Develop debugging tools

  • Chrome DevTools: The most practical debugging tool that comes with the browser.
  • Postman: API testing tool, debugging interface is very convenient.
  • cURL: Command line tool to quickly test HTTP requests.
  • Charles/Fiddler: HTTP proxy tool, capable of intercepting and analyzing requests.

Python library

  • requests: The most popular HTTP request library, simple and easy to use.
  • httpx: Modern request library supporting HTTP/2 and async.
  • beautifulsoup4: HTML parsing library, suitable for extracting data.
  • lxml: Efficient XML/HTML parsing library.
  • selenium/playwright: Browser automation tool for handling JavaScript-rendered pages.
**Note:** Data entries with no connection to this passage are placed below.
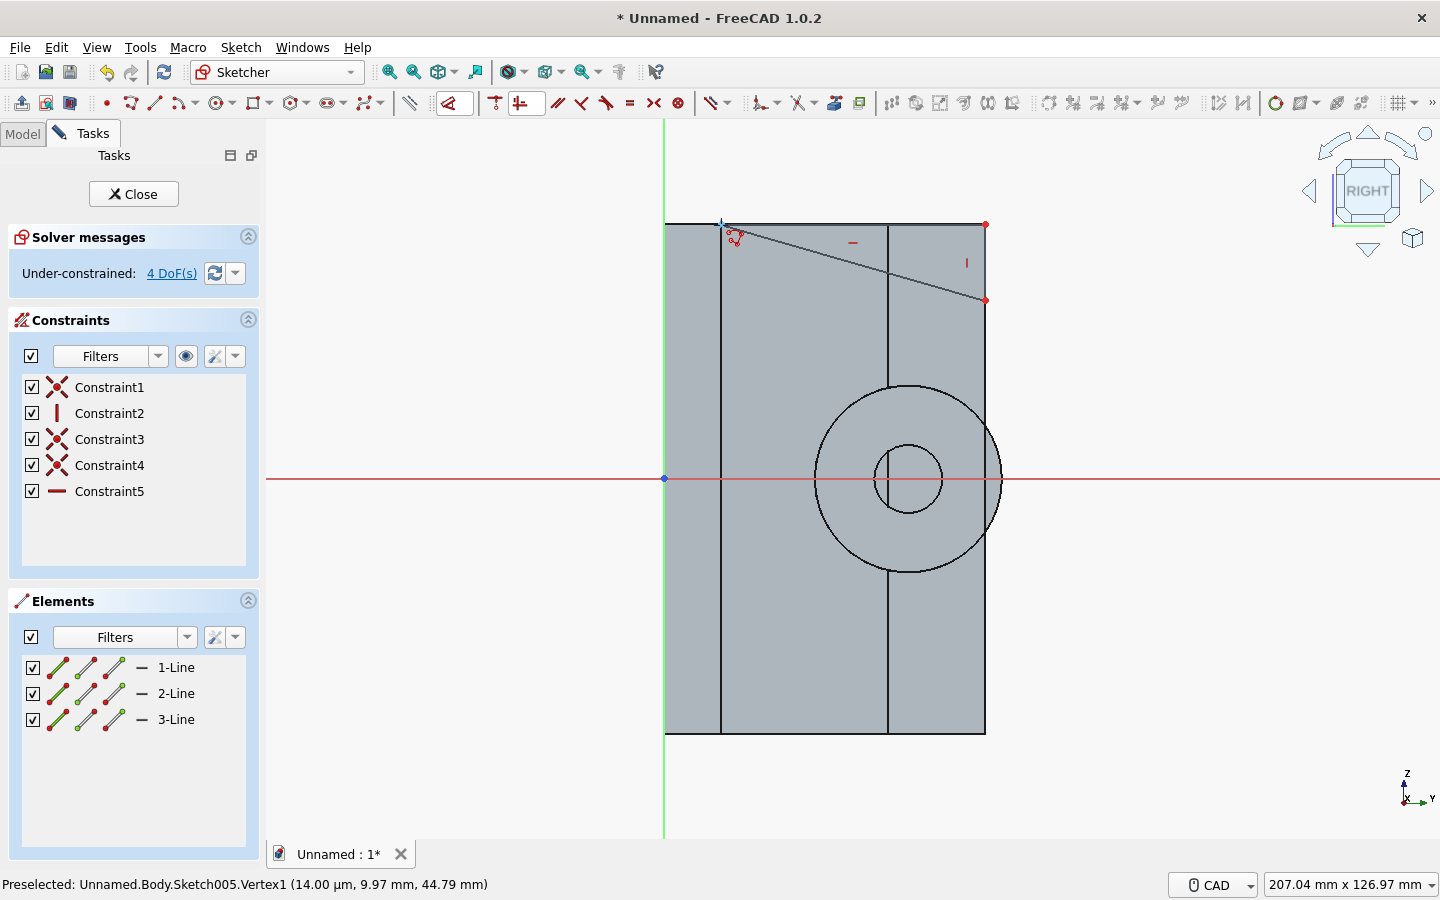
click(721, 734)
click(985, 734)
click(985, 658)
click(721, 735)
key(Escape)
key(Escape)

8. Best practices and learning suggestions

Compliance crawling

  1. Comply with robots.txt: Check the website’s crawling rules before crawling.
  2. Control request frequency: Avoid putting pressure on the target server.
  3. Respect Copyright: Use the crawled data legally.
  4. Protect privacy: Do not crawl personal sensitive information.

Study suggestions

  1. Multi-purpose developer tools: Actual observation of HTTP requests and responses is more reliable than just reading.
  2. Start with a simple website: Crawl static pages first, and then gradually challenge complex targets.
  3. Learn JavaScript: Many modern websites rely on front-end rendering, and understanding JS will go a long way.
  4. Pay attention to the anti-climbing mechanism: Understanding common anti-climbing methods and countermeasures is the only way to advance.

Summarize

The HTTP protocol is the basis for crawler development. From URL structure to request-response process, from status codes to various request headers, every link plays a key role in crawlers. With the development of web technology, HTTP is also constantly evolving. From HTTP/1.1 to HTTP/2, and then to HTTP/3, the transmission efficiency is getting higher and higher.
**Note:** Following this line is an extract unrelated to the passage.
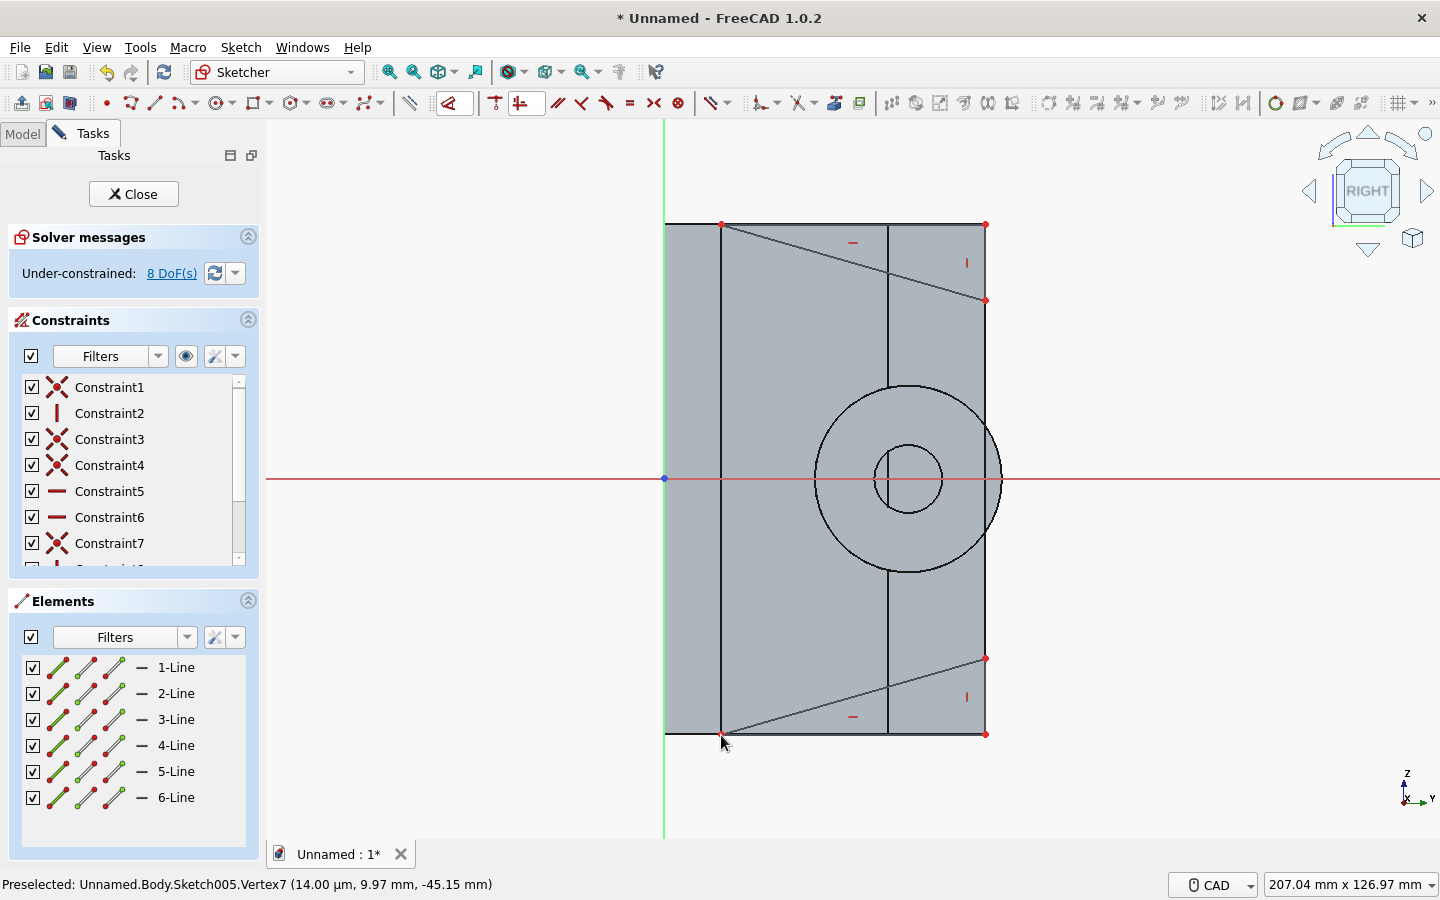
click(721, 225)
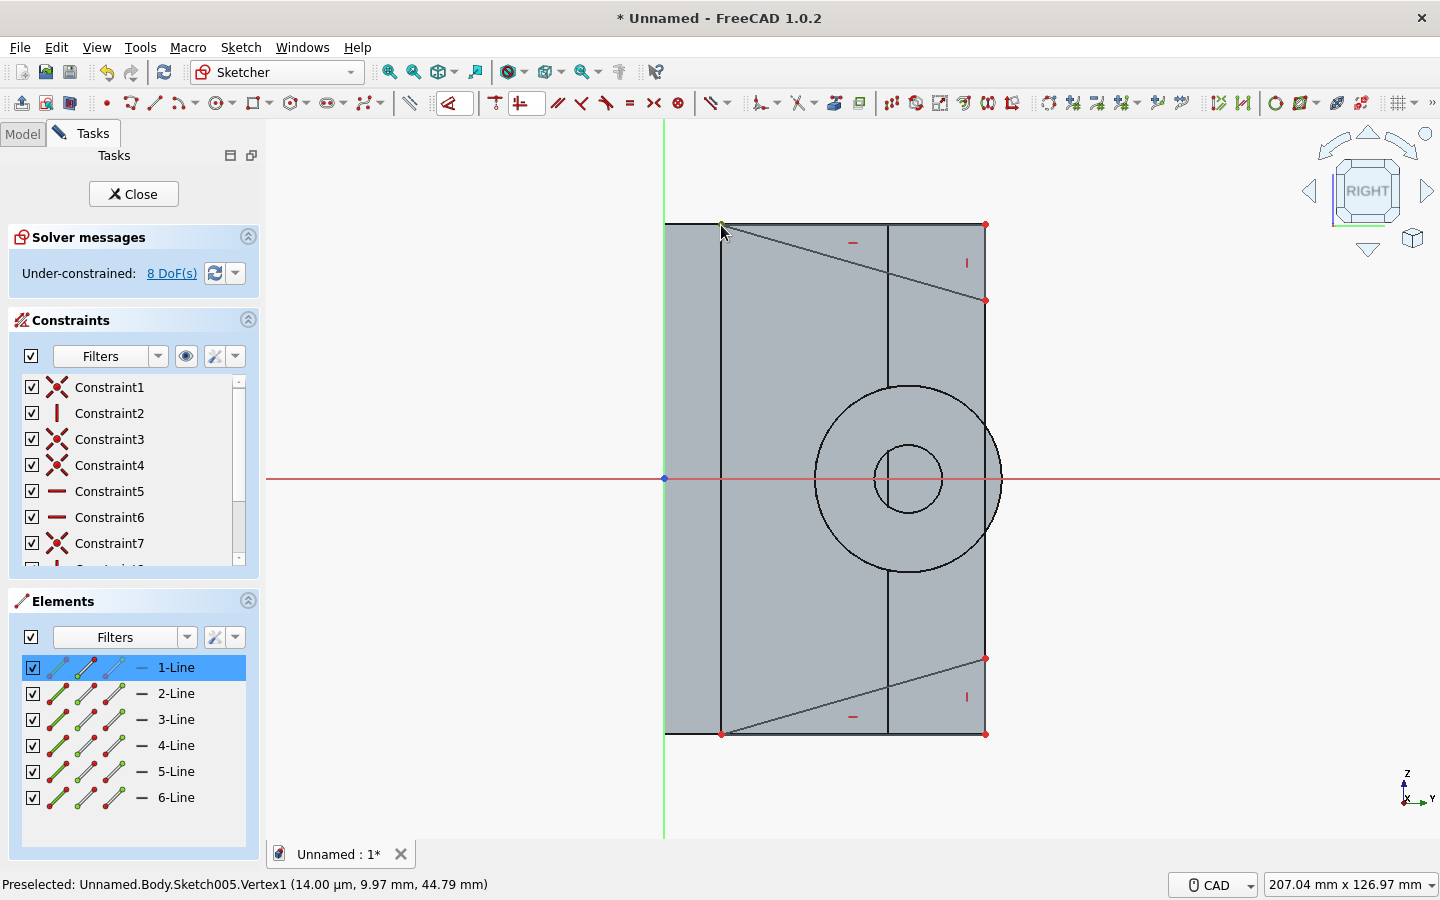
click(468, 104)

In practice, we must learn to set reasonable request headers, handle various status codes, maintain sessions, and control frequency. We must also abide by laws and regulations and perform compliant crawling.

Understanding the HTTP protocol is not only the starting point for writing crawlers, but also the key to a deep understanding of how the entire Web works. I hope this article can help you lay a solid foundation and successfully open the door to crawler development!